In 2009, Metsker's experience drew her to a position in the Breast Center at St. Joseph. It was a relatively new discipline in breast cancers called patient navigators. As the term suggests, the patient navigator guides newly diagnosed patients through complex healthcare encounters, educating and supporting each patient in an effort to empower them to make informed treatment decisions throughout their cancer journey. The Breast Centers at both St. Joseph and St. Mary’s Medical Centers have navigators.
Metsker sought certification in the field as St. Joseph became an early adopter of this approach. And, when an opportunity to serve in such a capacity opened in the Breast Center at St. Joseph, Metsker jumped on it.
"I love what I do," Metsker says beaming. "My history gives people hope. I have the pleasure of teaching, supporting, listening and connecting with patients, many of which are angry and upset. And, with compassion, I help bring the walls down. I want to hear their stories."
Richard Kuckelman, MD, a member of Metsker's physician team can't imagine a better match. "She's seen both sides and has been there twice," says Kuckelman adding, "Patients really connect with her and realize they haven't been given a death sentence. Janie has been a huge asset to the Breast Center."
Beth Davis had never heard of a nurse navigator before her experience with breast cancer and credits Metsker with taking a great weight off her shoulders in a time of need.
"I was diagnosed at 11:04 a.m. on March 27 of this year", recalls Davis. "Janie brought me in at one that afternoon, and within a week, I'd had my surgery. I don't know how people without navigators manage."

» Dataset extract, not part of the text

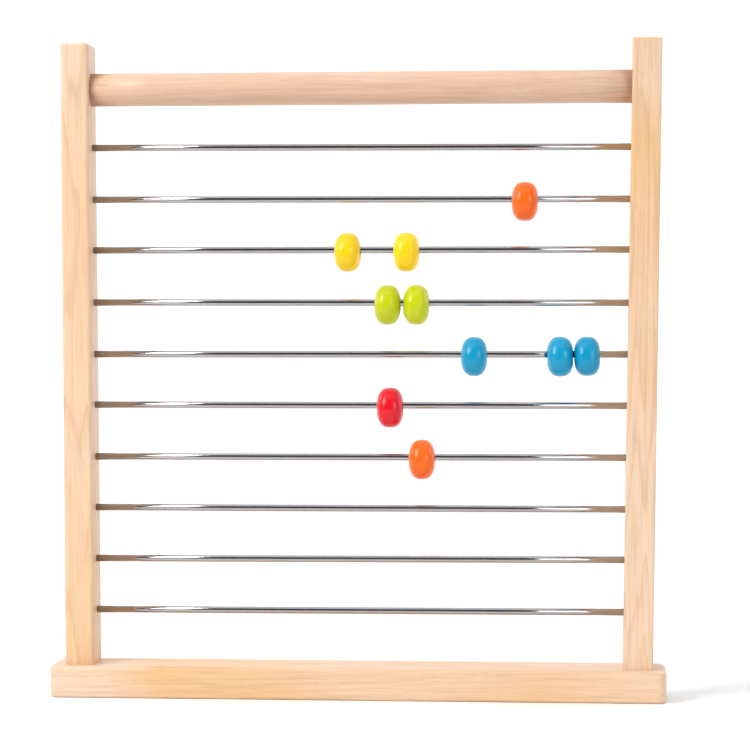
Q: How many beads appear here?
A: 10
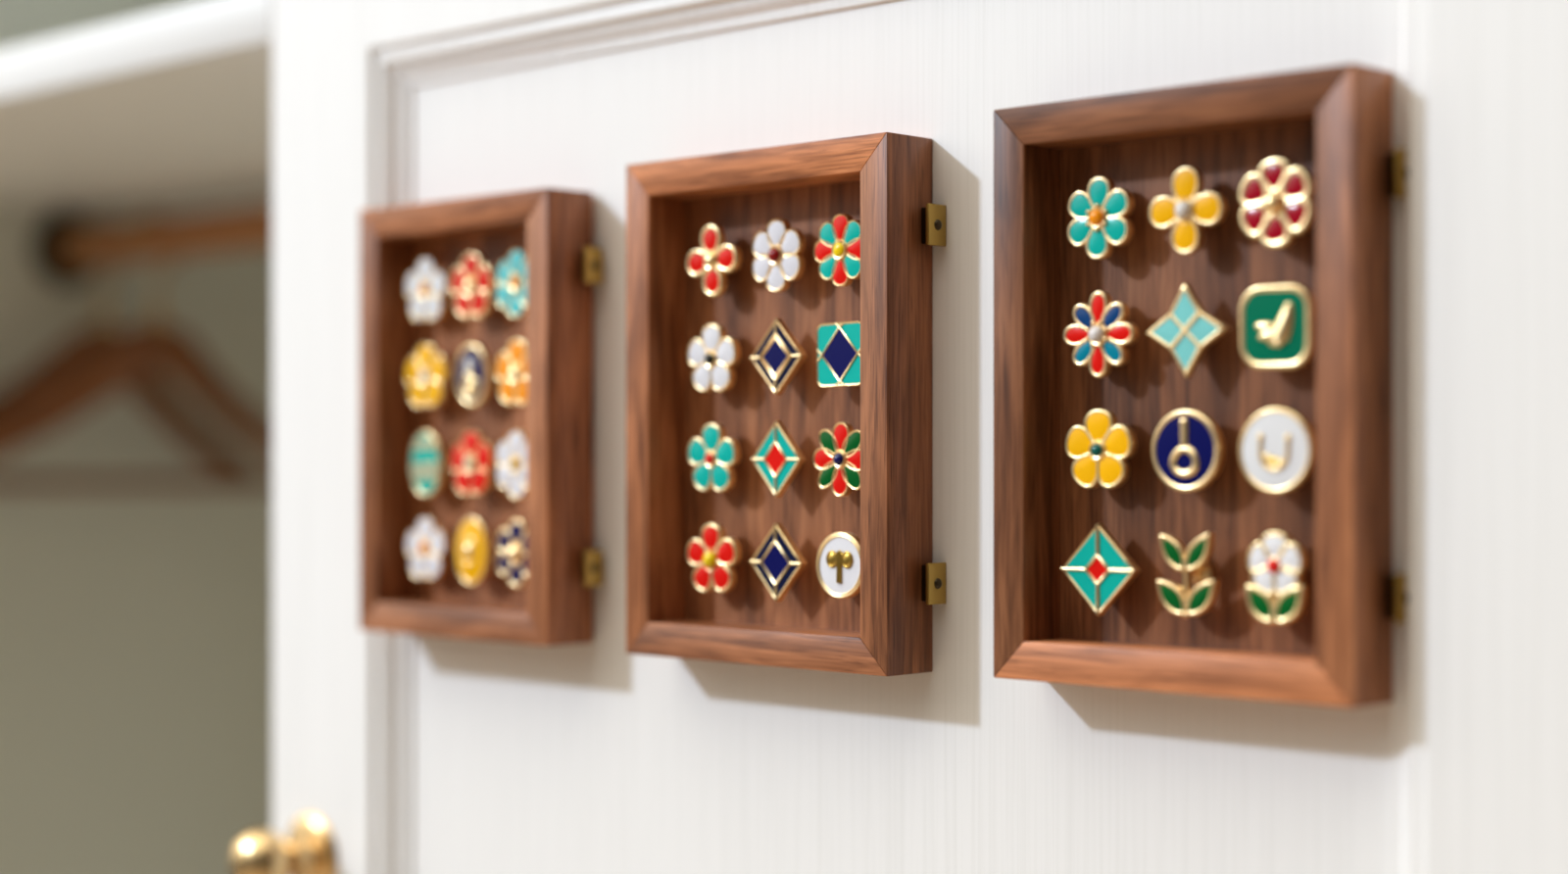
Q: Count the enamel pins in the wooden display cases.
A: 36
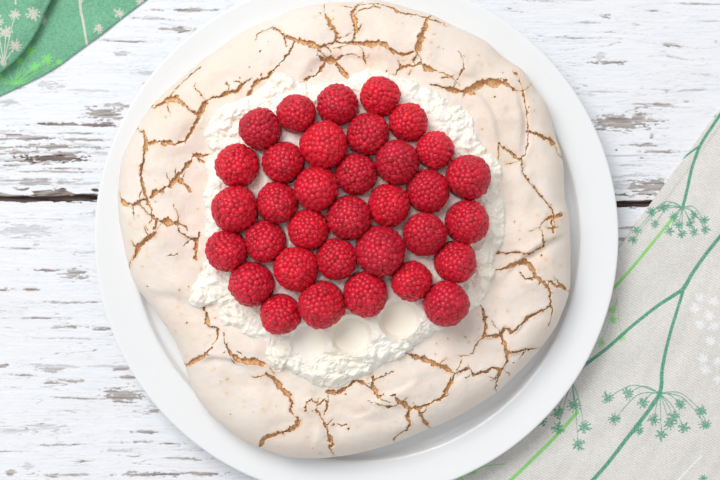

Other survivors’ stories have similar themes. "I was full of fear, guilt and, yes doubt." says Pam Garner, another Breast Center patient. "I'm incredibly blessed to say the she navigated me through endless questions, pathology reports, and made calls and appointments. It's exhausting just thinking about it."
Metsker assists patients in understanding their diagnosis and develops a multi-disciplinary plan of care. "There's so much to do," remarks Metsker. "Sorting out their disease, making doctor appointments and getting their plans together can seem like a 500-piece jigsaw puzzle thrown on the table—and we have to determine the picture."
She is passionate about helping patients become survivors through a healthy lifestyle, including nutrition and exercise. "We actually talk about patients as survivors from the moment they're diagnosed," says Metsker.
Metsker developed the WELL program (Women Embracing and Loving Life), an eight-week session for breast cancer survivors providing information related to nutrition, fitness and stress reduction. The program also encourages breast cancer survivors to improve their psychological health by taking an active role in their recovery and interacting with other survivors. The program has received national attention and is being used by other hospitals in their own breast centers.
Metsker credits the “journey turned to joy in her life” to a strong faith. "I had a strong faith before but this has definitely brought me closer to God," says Metsker. "My experience has led me to a calling to help other people."